Company's willing to refactor heavily some main software of ours. We want to port all Delphi code to .NET so we can abandon a lot of legacy code. We've been planing said new software (suposed to do the same the actual does) for nearly two weeks already. Every module we cross is like trying to find the cure for cancer, and right now, I left the meeting because the main module of the project is being fully rewritten since it is prone to failure in some expected error condition and I don't want to have anythind to do with the mess they are designing (we work with hardware that wears out after a while and starts malfunctioning). Sorry about the whole rambling. My question is kind of simple. Do you start planing by the most complicated module to the simplest one, or the opposite? How do you design / plan your softwares at all?
======
jey
"Rewrite the whole system" is generally a BAD idea. You might want to have one
or two senior guys go and prototype the core parts of the new .NET version.
You can then add resources to the new one as it progresses.

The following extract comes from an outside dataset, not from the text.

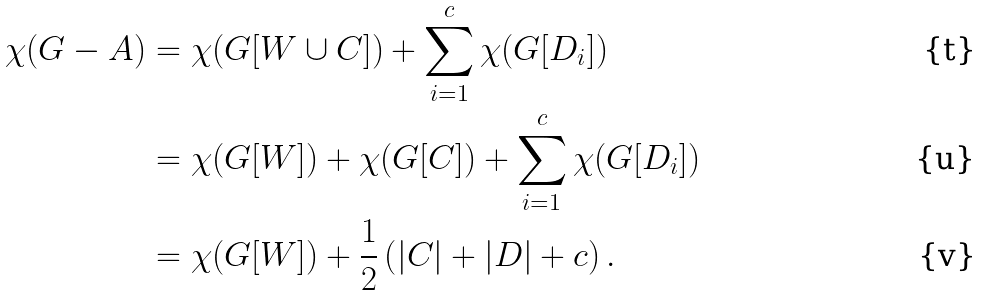Convert formula to latex. <formula><loc_0><loc_0><loc_500><loc_500>\chi ( G - A ) & = \chi ( G [ W \cup C ] ) + \sum _ { i = 1 } ^ { c } \chi ( G [ D _ { i } ] ) \\ & = \chi ( G [ W ] ) + \chi ( G [ C ] ) + \sum _ { i = 1 } ^ { c } \chi ( G [ D _ { i } ] ) \\ & = \chi ( G [ W ] ) + \frac { 1 } { 2 } \left ( | C | + | D | + c \right ) .</formula> 
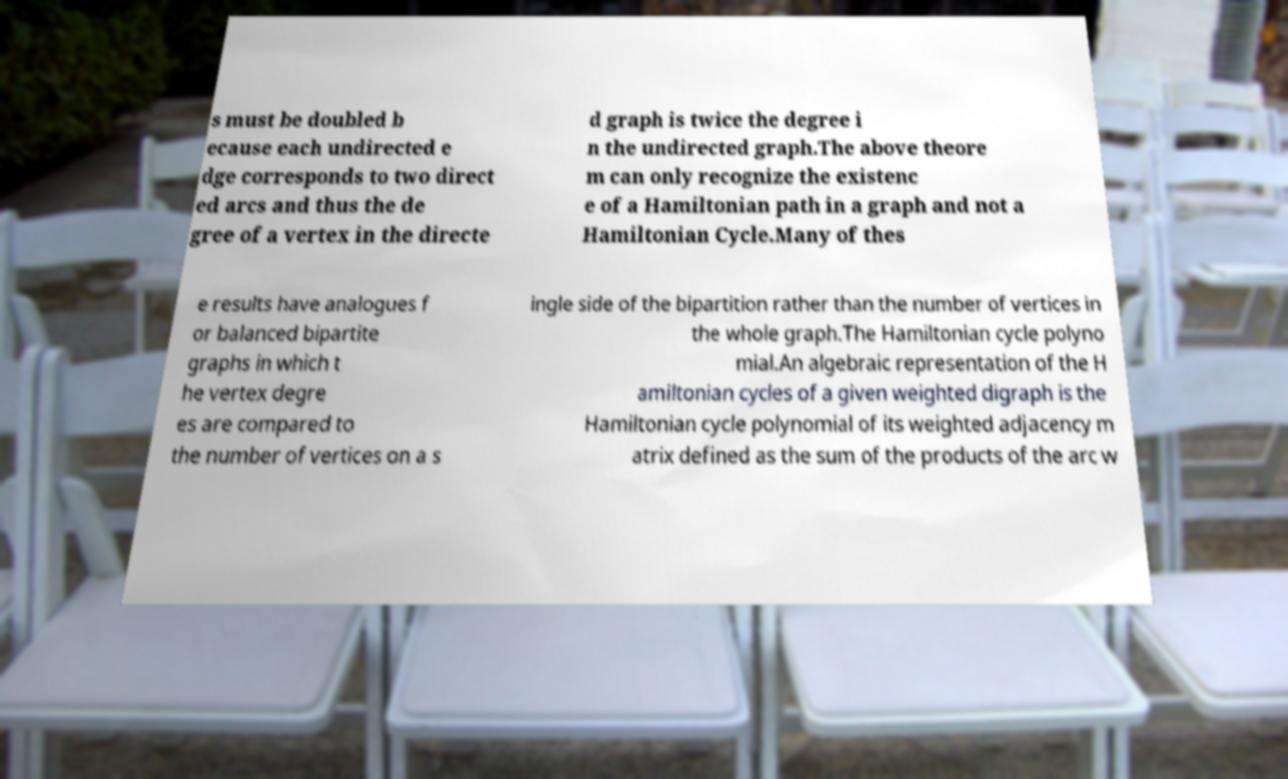I need the written content from this picture converted into text. Can you do that? s must be doubled b ecause each undirected e dge corresponds to two direct ed arcs and thus the de gree of a vertex in the directe d graph is twice the degree i n the undirected graph.The above theore m can only recognize the existenc e of a Hamiltonian path in a graph and not a Hamiltonian Cycle.Many of thes e results have analogues f or balanced bipartite graphs in which t he vertex degre es are compared to the number of vertices on a s ingle side of the bipartition rather than the number of vertices in the whole graph.The Hamiltonian cycle polyno mial.An algebraic representation of the H amiltonian cycles of a given weighted digraph is the Hamiltonian cycle polynomial of its weighted adjacency m atrix defined as the sum of the products of the arc w

In a lot of cases
the development of the new one can overtake the developed-in-parallel old one
if it's done well, since they don't have to work with all the overhead of the
old legacy junk.

And if the new development project fails, oh well, you only sunk a few man-
months into the failed project. The sunk cost is smaller, so it's easier to
abandon.

------
jklubnik
Treating the old application as the spec for the new one is usually not a good
idea. Define the problem(s) the new application is trying to solve instead of
trying to copy the behavior of the old application. This is important for both
developers and users. (<http://www.chadfowler.com/2006/12/28/software-as-
spec>)

I like tackling the tougher parts first as assumptions usually conflict with
the real world and the design will change once you start building and testing.

------
Novash
Thank you for the feedbacks. I shall show it to my teammates. Do everyone here
hate meetings as much as I do?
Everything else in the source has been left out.